No obstante, la realidad es que la ciencia mexicana no ha dado grandes síntomas de mejoría a partir de la instauración del SNI. Rápidamente este ente burocrático se contagió de los padecimientos de las instituciones nacionales, convirtiéndose en una estructura disipativa altamente estratificada, vertical y llena de procedimientos absurdos. Quizás sus problemas más grandes radican en la evaluación de sus miembros, cuyos criterios, utilizados para definir la entrada y el nivel de los investigadores, se basan sobre todo en la cantidad de publicaciones, dejando de lado la calidad del trabajo, la cual se ve naturalmente mermada ante las exigencias que implica mantener tan jugosas becas.

Operando bajo un sistema de estas características se tienen como consecuencia una producción científica pobre y limitada, ignorada casi totalmente por la opinión pública y el discurso de los políticos. Este punto puede comprobarse de forma sencilla: basta con preguntar a ciudadanos al azar si conocen el nombre y un poco del trabajo de por lo menos tres científicos mexicanos actuales. Veremos que las respuestas son desalentadoras en una aplastante mayoría de casos.

Lo anterior resulta natural si vemos que los científicos mexicanos (formados e investigando en el país) no reciben reconocimientos de talla internacional: en nuestros laboratorios no se están haciendo hallazgos “revolucionarios” de hechos sorprendentes y los medios de comunicación no dedican más que esporádicas cápsulas de unos cuantos segundos, llenas de información errónea y tendenciosa, para presentar una minúscula parte de los implementos tecnológicos desarrollados en las universidades nacionales.

¿En dónde radica entonces el problema? ¿Quiénes son los responsables? ¿El impulso de la actividad científica es una obligación del Estado o algo que nos compete a todos como sociedad?

Primeramente hay que identificar que los males que aquejan a nuestro quehacer científico no le son ajenos al resto del mundo o, por lo menos, a los países del llamado “tercer mundo” y en vías de desarrollo. Hacer ciencia cuesta bastante; por lo tanto, la ciencia viable para países como el nuestro es aquella que reditúe en beneficios tangibles y concretos en el corto plazo, cuyos implementos impacten rápidamente en los procesos de producción con el fin del lucro siempre implícito. Seguimos aplicando el esquema de relación ciencia-sociedad que dio curso a la revolución industrial de los siglos 18 y 19 en Europa. En pocas palabras, en países como el nuestro los mejores apoyos los recibirá siempre la ciencia que impacte de manera directa en la producción a gran escala.

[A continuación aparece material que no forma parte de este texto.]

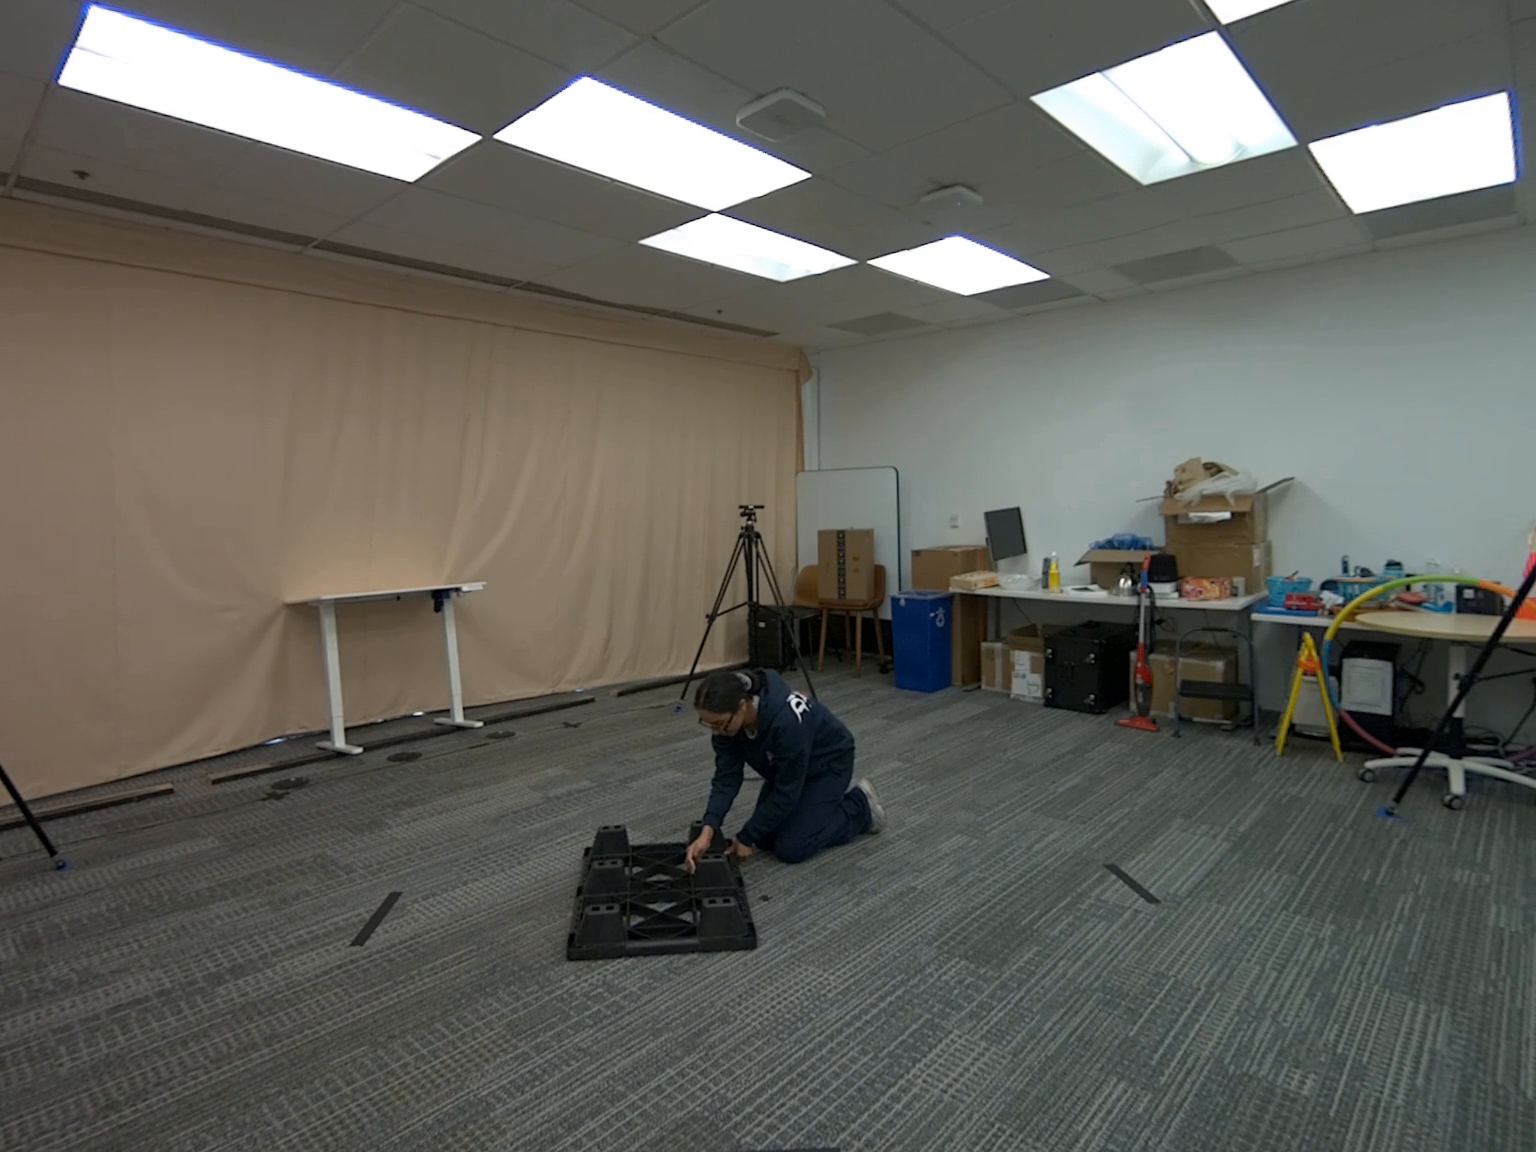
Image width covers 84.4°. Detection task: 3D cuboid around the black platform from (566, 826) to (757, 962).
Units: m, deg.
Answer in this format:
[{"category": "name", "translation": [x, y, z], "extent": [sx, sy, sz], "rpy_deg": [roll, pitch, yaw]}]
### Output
[{"category": "black platform", "translation": [-0.383, 1.079, 3.004], "extent": [0.601, 0.143, 0.813], "rpy_deg": [-1, 5, -7]}]
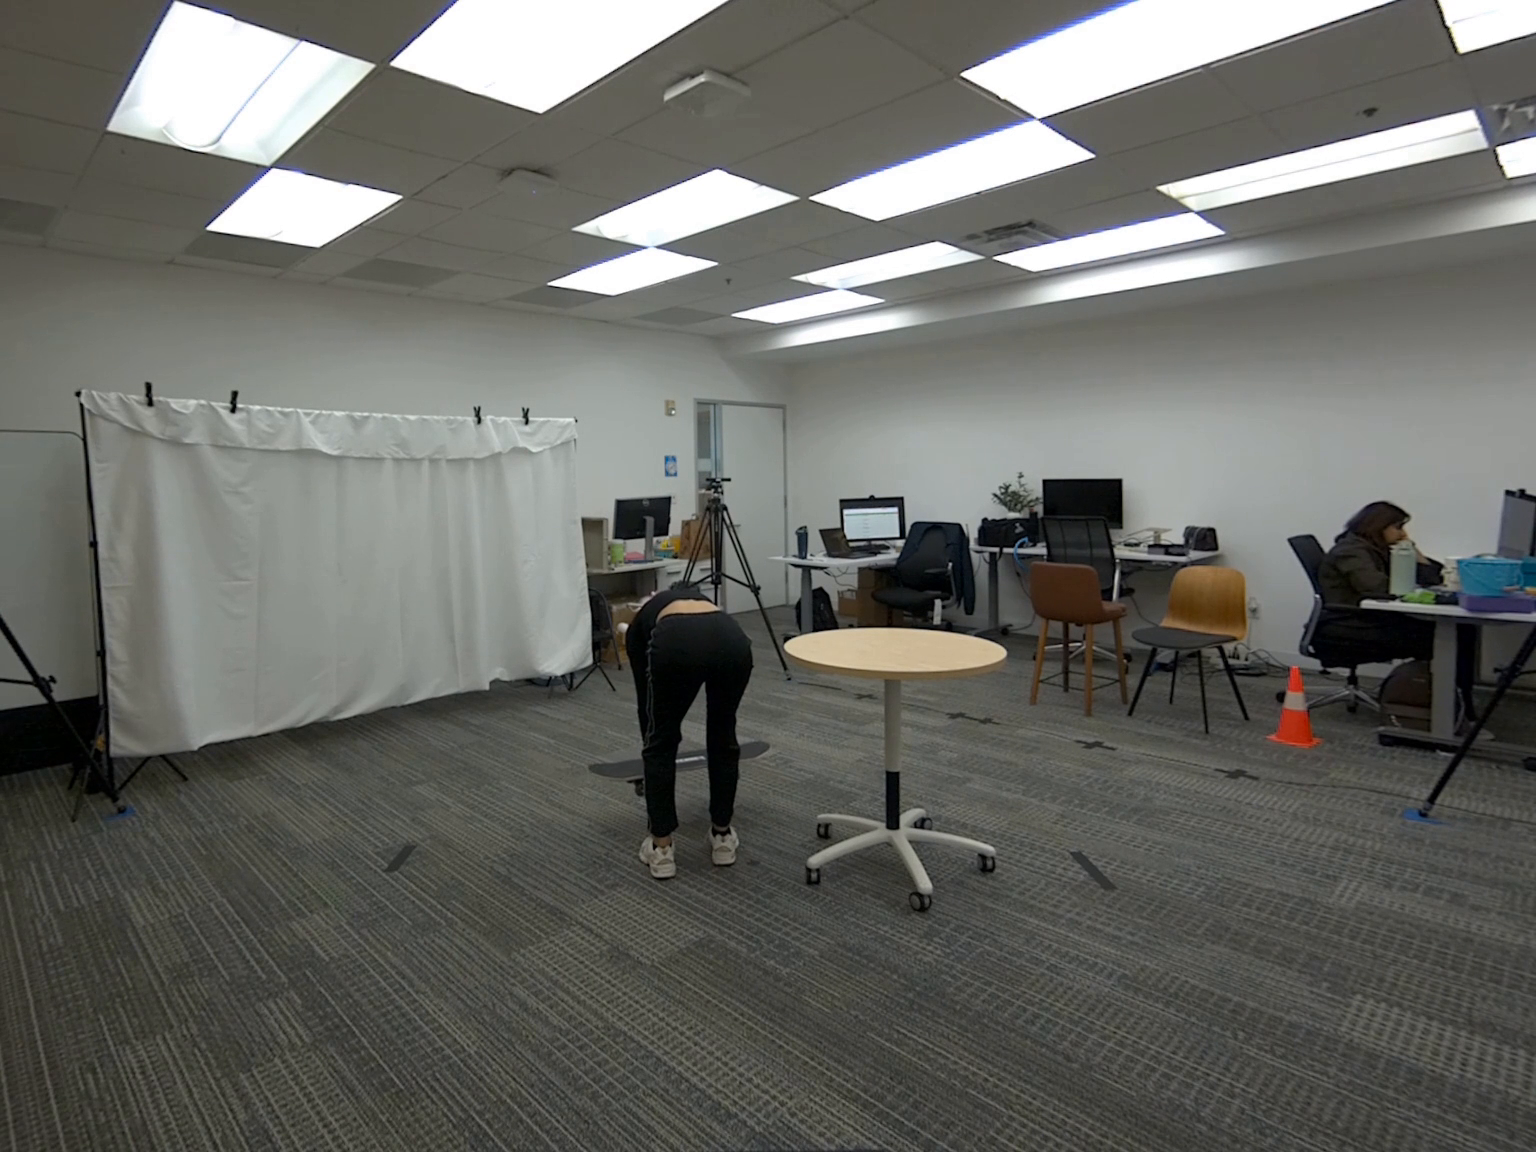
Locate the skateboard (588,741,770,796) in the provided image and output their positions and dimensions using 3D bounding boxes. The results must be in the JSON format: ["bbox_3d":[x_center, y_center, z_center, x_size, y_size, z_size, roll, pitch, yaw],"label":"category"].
[{"bbox_3d":[-0.353,0.789,3.507,0.771,0.110,0.198,-4,7,-21],"label":"skateboard"}]
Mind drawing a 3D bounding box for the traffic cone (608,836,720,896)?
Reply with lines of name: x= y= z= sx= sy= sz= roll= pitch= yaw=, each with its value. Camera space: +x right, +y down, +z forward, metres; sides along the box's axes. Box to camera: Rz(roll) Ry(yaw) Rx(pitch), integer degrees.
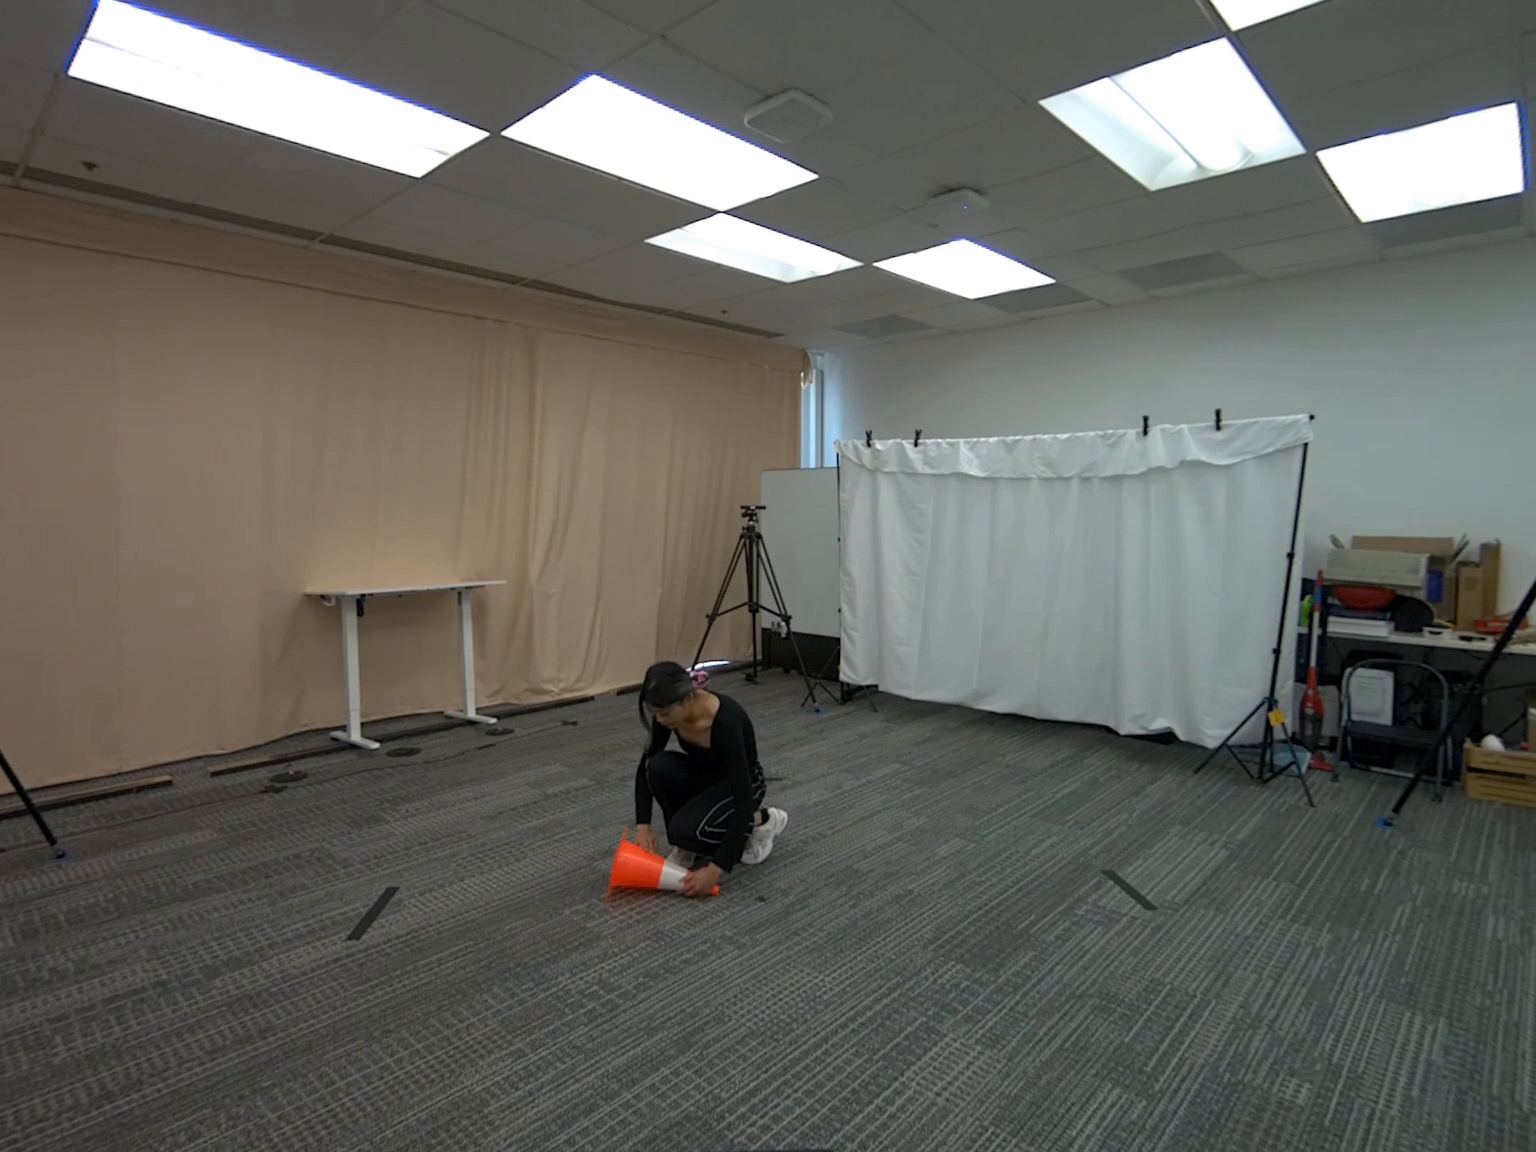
traffic cone: x=-0.361 y=1.073 z=3.021 sx=0.386 sy=0.202 sz=0.205 roll=13 pitch=13 yaw=4
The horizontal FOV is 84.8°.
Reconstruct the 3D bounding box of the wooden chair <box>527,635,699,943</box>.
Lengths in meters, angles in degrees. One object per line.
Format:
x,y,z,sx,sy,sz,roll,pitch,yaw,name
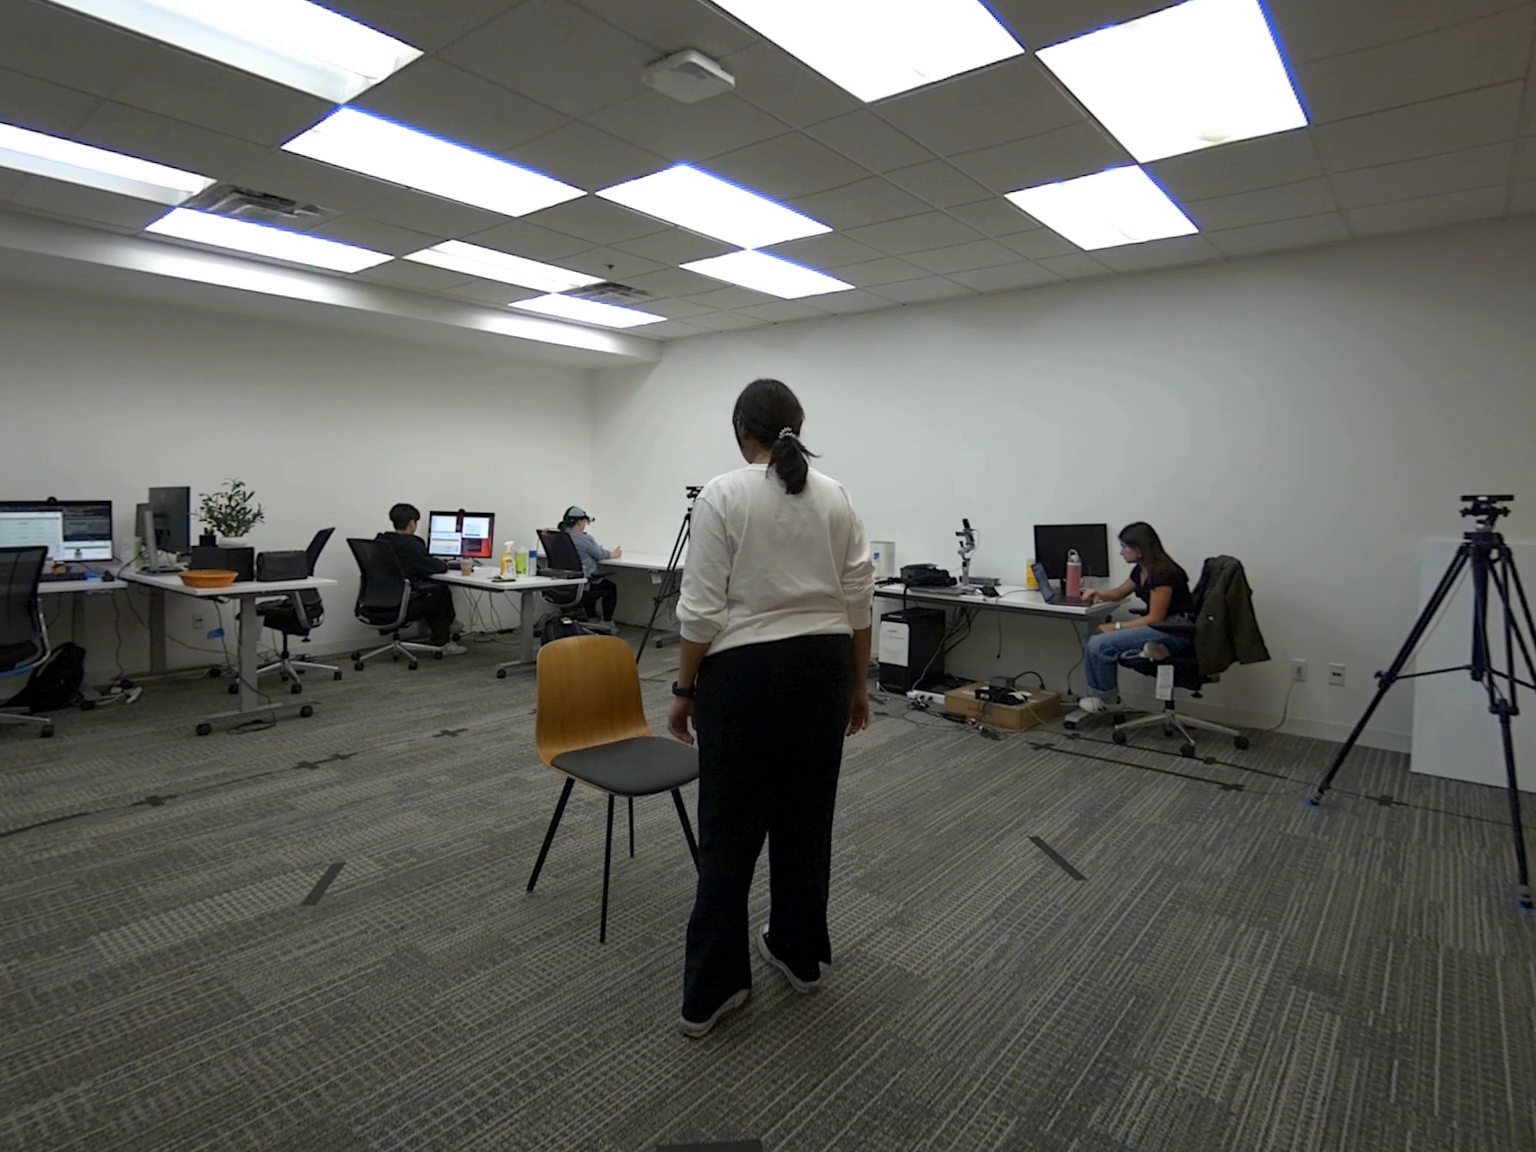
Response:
-0.495,0.657,2.865,0.463,0.878,0.539,-2,0,-44,wooden chair
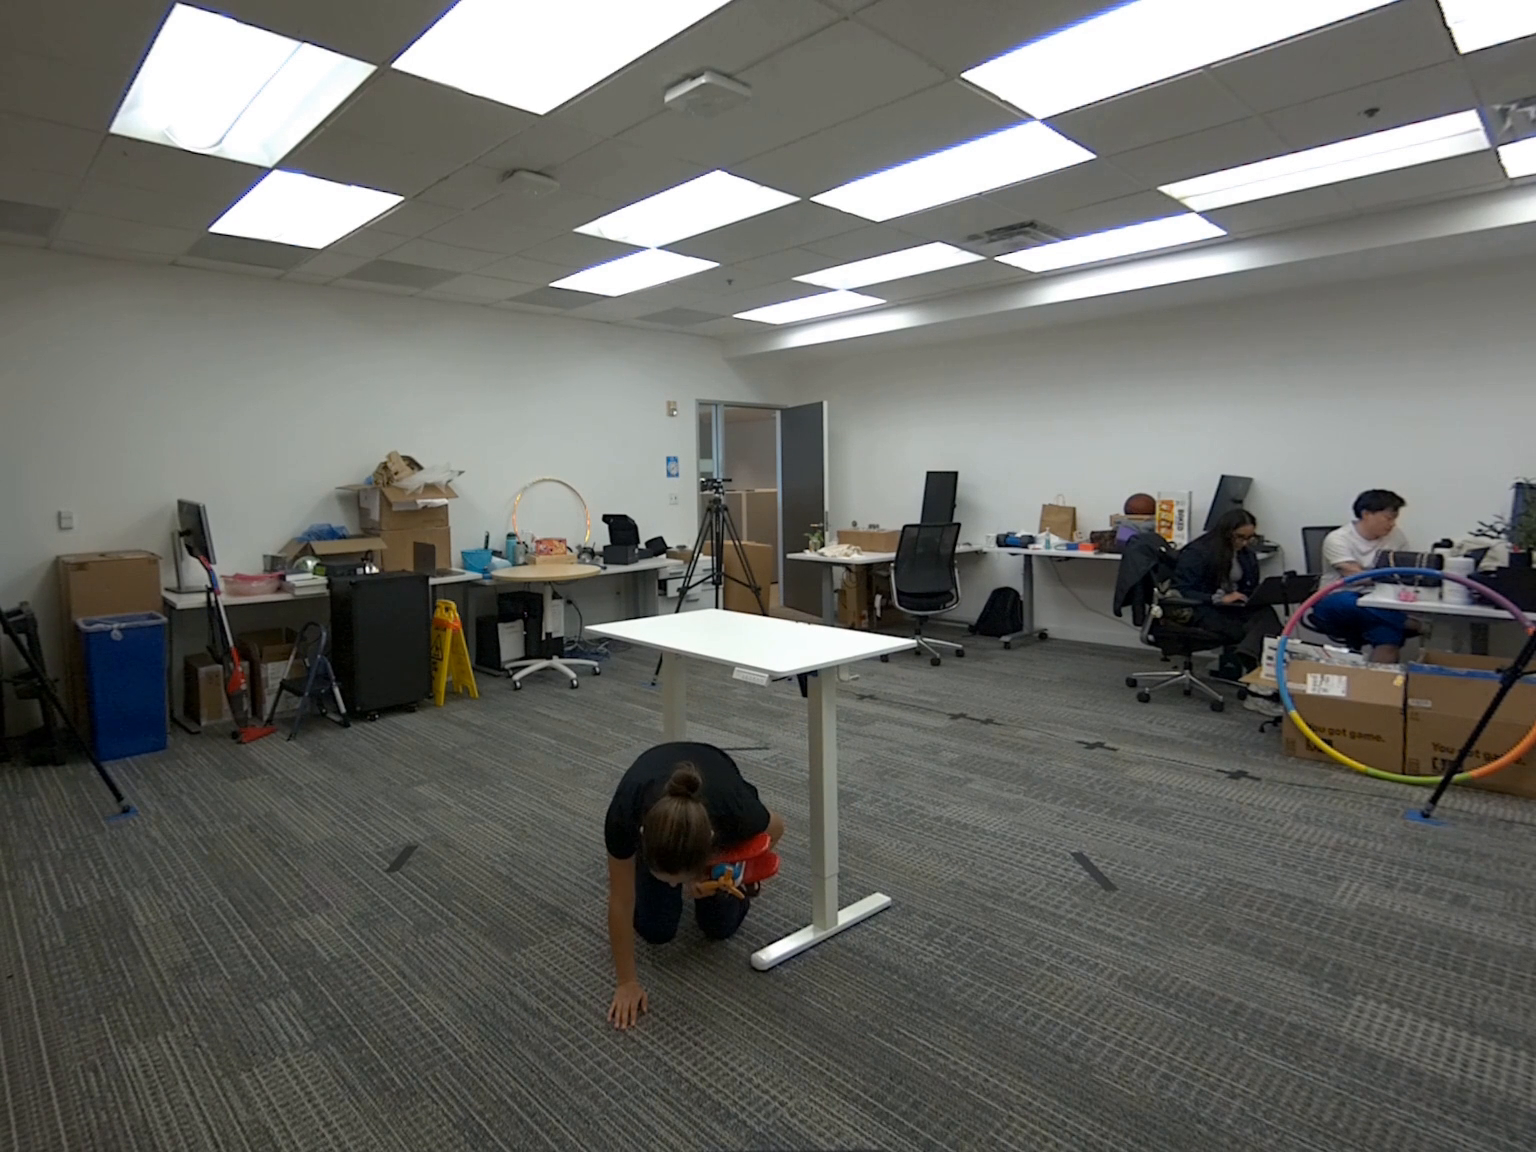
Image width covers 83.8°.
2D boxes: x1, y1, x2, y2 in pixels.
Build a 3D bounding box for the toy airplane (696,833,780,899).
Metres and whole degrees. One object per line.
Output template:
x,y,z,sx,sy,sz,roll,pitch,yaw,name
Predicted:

Dicha problemática es precursora de una enorme confusión: la figura del científico se vislumbra como aquel o aquella que ha concluido, como mínimo, estudios de doctorado (de preferencia en alguna universidad extranjera), que se ha esforzado por engrosar las filas de una universidad o centro de investigación, que figura en las listas del SNI y dedica su tiempo a publicar artículos que no muestran más que soluciones triviales a problemas que ya han sido solucionados, es decir, a publicar el refrito del refrito en revistas especializadas.

Los motivos personales que guían a una persona a adoptar este rol en la pirámide social suelen ser de carácter egoísta e incluso clasista. Los científicos en nuestro país gozan de un poder de consumo por encima de la media el cual puede proveerles de cierta comodidad y tranquilidad. Si bien es cierto que el científico no aspira a ser parte de la clase económica dominante, no obstante, su preparación académica lo coloca dentro de un reducido grupo de intelectuales favorecidos.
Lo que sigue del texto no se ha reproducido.